Attorney-at-Law

DAYENU

In Uncategorized on 12/30/2014 at 16:18

If the title of this post strikes the reader as obscure, let the reader first read Judge Buch’s order in Judith L. Heavens, Docket No. 29155-13, filed 12/30/14; if still befogged, let the reader search the term on Wikipedia (and make a pecuniary contribution to Mr. Jimmy Wales’ useful source). Now all should be clear.

For those who can’t wait, Judith filed a motion to dismiss for want of jurisdiction two weeks ago. She was a wee bit late, as her case had been called for trial three days before (which was the date set for trial in an order issued five months earlier). Judith hadn’t shown, and her petition was tossed for want of prosecution.

So for Judge Buch to consider Judith’s latest, he’d have to vacate his previous order. But this he declines to do.

I cannot do better than to quote Judge Buch’s rationale in extenso, while inviting readers to clap hands rhythmically or tap them on a diningroom table, if so inclined.

“We need not reach the merits of petitioner’s motion. Petitioner’s motion to dismiss is predicated on respondent’s alleged failure to respond to informal discovery. Petitioner never resorted to formal discovery, and had she, the proper motion would have been a motion to compel. See Rules 104(b). The motion being improper, standing alone, would be sufficient grounds upon which to deny the motion. If the motion had been styled properly, the failure to resort to formal discovery, standing alone, would have been sufficient grounds to deny that motion. If petitioner had engaged in formal discovery and filed the proper motion, the motion would have been untimely. Any such motion was due 45 days before the date set for trial. Rule 70(a)(2). The untimeliness of the motion, standing alone, would have been sufficient grounds upon which to deny the motion. If petitioner had engaged in formal discovery, filed the proper motion, and done so in a timely manner, the Court would likely reach the merits of that motion. In doing so, the Court would review the underlying discovery requests and note that it is largely, if not entirely, not the proper subject of discovery. It instead largely calls for legal conclusions and is infused with protestor rhetoric that we have rejected repeatedly. Many of the fallacies underlying the issues raised in the informal discovery were addressed in Waltner v. Commissioner, T.C. Memo 2014-35. If petitioner had engaged in formal discovery, filed the proper motion, and done so in a timely manner, the motion would have been denied on the merits.” Order, at pp. 1-2. (Footnote omitted, but see below).
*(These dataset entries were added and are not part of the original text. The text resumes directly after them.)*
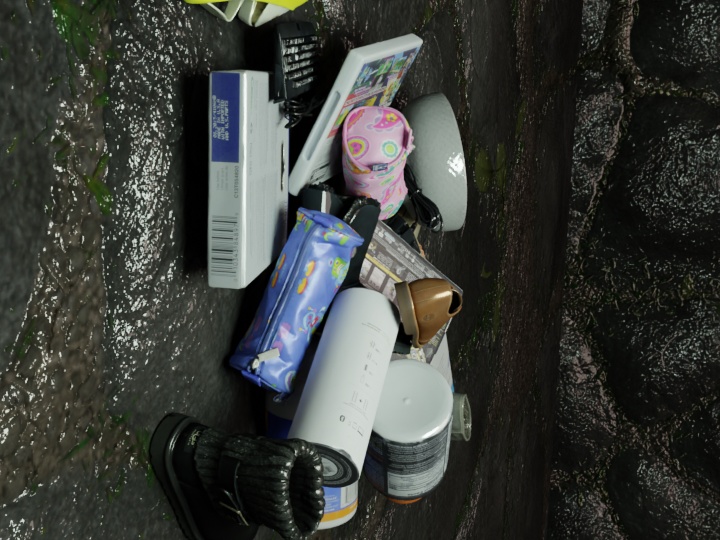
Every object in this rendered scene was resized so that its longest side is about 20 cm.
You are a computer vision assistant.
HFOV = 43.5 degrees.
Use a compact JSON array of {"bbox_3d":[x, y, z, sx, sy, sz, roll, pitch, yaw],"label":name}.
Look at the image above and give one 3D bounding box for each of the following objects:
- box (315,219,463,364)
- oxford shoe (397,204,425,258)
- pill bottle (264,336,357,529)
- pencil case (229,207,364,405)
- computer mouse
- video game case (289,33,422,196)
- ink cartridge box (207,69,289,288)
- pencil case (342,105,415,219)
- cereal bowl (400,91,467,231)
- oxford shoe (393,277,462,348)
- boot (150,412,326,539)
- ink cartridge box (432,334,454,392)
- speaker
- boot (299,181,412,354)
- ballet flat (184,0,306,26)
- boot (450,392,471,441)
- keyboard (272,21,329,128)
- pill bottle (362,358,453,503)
[{"bbox_3d":[0.034,0.046,1.174,0.200,0.049,0.162,37,69,-35],"label":"box"},{"bbox_3d":[0.077,-0.013,1.375,0.071,0.073,0.202,50,50,-61],"label":"oxford shoe"},{"bbox_3d":[-0.056,0.184,1.044,0.112,0.111,0.202,-25,118,-65],"label":"pill bottle"},{"bbox_3d":[-0.069,0.034,0.950,0.202,0.077,0.087,-65,170,-1],"label":"pencil case"},{"bbox_3d":[0.036,-0.053,1.269,0.046,0.141,0.201,-8,145,-31],"label":"computer mouse"},{"bbox_3d":[-0.006,-0.190,1.078,0.183,0.023,0.200,-60,170,28],"label":"video game case"},{"bbox_3d":[-0.110,-0.099,0.905,0.200,0.040,0.202,-55,148,-77],"label":"ink cartridge box"},{"bbox_3d":[0.020,-0.126,1.094,0.200,0.087,0.088,92,10,-75],"label":"pencil case"},{"bbox_3d":[0.090,-0.152,1.311,0.200,0.082,0.202,169,-90,-83],"label":"cereal bowl"},{"bbox_3d":[0.084,0.047,1.044,0.200,0.071,0.072,54,22,-81],"label":"oxford shoe"},{"bbox_3d":[-0.101,0.226,0.876,0.212,0.156,0.080,71,35,-47],"label":"boot"},{"bbox_3d":[0.086,0.180,1.437,0.145,0.084,0.201,-62,151,-44],"label":"ink cartridge box"},{"bbox_3d":[-0.015,0.115,0.931,0.082,0.080,0.201,73,25,-44],"label":"speaker"},{"bbox_3d":[0.000,0.000,1.064,0.199,0.076,0.170,20,85,-31],"label":"boot"},{"bbox_3d":[-0.110,-0.272,0.871,0.200,0.066,0.068,-17,133,-64],"label":"ballet flat"},{"bbox_3d":[0.034,0.168,1.145,0.182,0.198,0.073,51,51,-61],"label":"boot"},{"bbox_3d":[-0.056,-0.214,0.974,0.200,0.039,0.105,-63,155,-72],"label":"keyboard"},{"bbox_3d":[0.051,0.198,1.048,0.201,0.105,0.107,88,19,-52],"label":"pill bottle"}]

The omitted footnote: “Petitioner’s motion and its annexed exhibit refer to informal discovery. The informal discovery might alternatively be characterized as stipulations or admissions. Regardless, petitioner never made a formal request for admissions and did not file any admissions with the Court. See Rule 90(b). Thus, whether couched as discovery, stipulations, or admissions, petitioner’s motion fails.” Order, at p. 2, Footnote 1.

For more about Steve Waltner, whose misdoings are hereinabove alluded to, see my blogpost “Cracking Up”, 2/27/14, wherein Judge Buch unloads on Steve the Protestor (protester? protestant?) for 63 pages of “somber reasoning and copious citation of precedent”.